[Exercise instructions]: A faithful, complete copy of the entries below is required, with images removed.

--- Exercise input Enclosed Below ---

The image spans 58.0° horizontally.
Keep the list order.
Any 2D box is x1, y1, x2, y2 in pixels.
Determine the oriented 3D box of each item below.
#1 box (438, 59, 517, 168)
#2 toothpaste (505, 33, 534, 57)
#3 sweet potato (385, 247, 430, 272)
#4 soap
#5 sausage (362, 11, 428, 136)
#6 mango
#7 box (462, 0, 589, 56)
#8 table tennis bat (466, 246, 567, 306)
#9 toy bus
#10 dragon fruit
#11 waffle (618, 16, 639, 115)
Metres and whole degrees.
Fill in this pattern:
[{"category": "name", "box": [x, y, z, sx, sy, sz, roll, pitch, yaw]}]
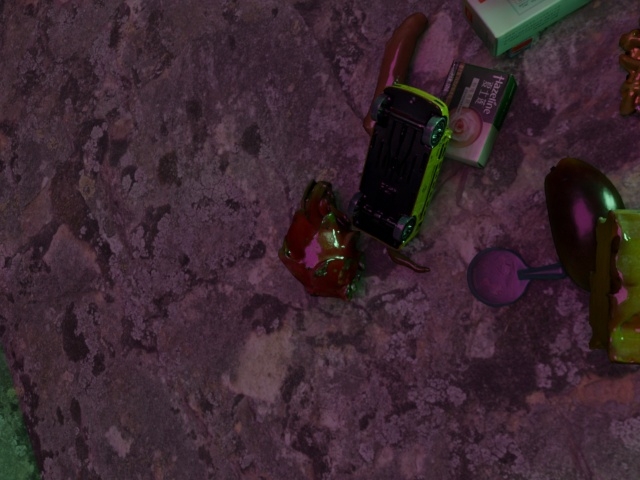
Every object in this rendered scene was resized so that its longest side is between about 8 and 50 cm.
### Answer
[{"category": "box", "box": [0.318, -0.269, 1.237, 0.135, 0.081, 0.199, 23, 98, 28]}, {"category": "toothpaste", "box": [0.390, -0.490, 1.236, 0.070, 0.044, 0.193, -28, 72, 7]}, {"category": "sweet potato", "box": [0.193, 0.050, 1.303, 0.115, 0.026, 0.026, 30, 99, 24]}, {"category": "soap", "box": [0.613, 0.076, 0.969, 0.281, 0.143, 0.259, 2, 91, 10]}, {"category": "sausage", "box": [0.170, -0.381, 1.328, 0.078, 0.078, 0.304, 20, 95, 28]}, {"category": "mango", "box": [0.508, -0.031, 1.096, 0.133, 0.111, 0.267, -12, 87, 6]}, {"category": "box", "box": [0.434, -0.499, 1.161, 0.269, 0.079, 0.135, -31, 71, 5]}, {"category": "table tennis bat", "box": [0.400, 0.071, 1.187, 0.201, 0.033, 0.124, -9, 83, 32]}, {"category": "toy bus", "box": [0.173, -0.157, 1.198, 0.145, 0.151, 0.331, 31, 127, 26]}, {"category": "dragon fruit", "box": [0.022, 0.002, 1.327, 0.200, 0.198, 0.269, 22, 73, -3]}, {"category": "waffle", "box": [0.704, -0.328, 1.032, 0.329, 0.062, 0.329, -5, 81, 34]}]

--- End of Enclosed Exercise input ---

[Exercise result]:
The image spans 58.0° horizontally.
Keep the list order.
Any 2D box is x1, y1, x2, y2 in pixels.
Determine the oriented 3D box of each item below.
#1 box (438, 59, 517, 168)
#2 toothpaste (505, 33, 534, 57)
#3 sweet potato (385, 247, 430, 272)
#4 soap
#5 sausage (362, 11, 428, 136)
#6 mango
#7 box (462, 0, 589, 56)
#8 table tennis bat (466, 246, 567, 306)
#9 toy bus
#10 dragon fruit
#11 waffle (618, 16, 639, 115)
Metres and whole degrees.
Fill in this pattern:
[{"category": "name", "box": [x, y, z, sx, sy, sz, roll, pitch, yaw]}]
Every object in this rendered scene was resized so that its longest side is between about 8 and 50 cm.
### Answer
[{"category": "box", "box": [0.318, -0.269, 1.237, 0.135, 0.081, 0.199, 23, 98, 28]}, {"category": "toothpaste", "box": [0.390, -0.490, 1.236, 0.070, 0.044, 0.193, -28, 72, 7]}, {"category": "sweet potato", "box": [0.193, 0.050, 1.303, 0.115, 0.026, 0.026, 30, 99, 24]}, {"category": "soap", "box": [0.613, 0.076, 0.969, 0.281, 0.143, 0.259, 2, 91, 10]}, {"category": "sausage", "box": [0.170, -0.381, 1.328, 0.078, 0.078, 0.304, 20, 95, 28]}, {"category": "mango", "box": [0.508, -0.031, 1.096, 0.133, 0.111, 0.267, -12, 87, 6]}, {"category": "box", "box": [0.434, -0.499, 1.161, 0.269, 0.079, 0.135, -31, 71, 5]}, {"category": "table tennis bat", "box": [0.400, 0.071, 1.187, 0.201, 0.033, 0.124, -9, 83, 32]}, {"category": "toy bus", "box": [0.173, -0.157, 1.198, 0.145, 0.151, 0.331, 31, 127, 26]}, {"category": "dragon fruit", "box": [0.022, 0.002, 1.327, 0.200, 0.198, 0.269, 22, 73, -3]}, {"category": "waffle", "box": [0.704, -0.328, 1.032, 0.329, 0.062, 0.329, -5, 81, 34]}]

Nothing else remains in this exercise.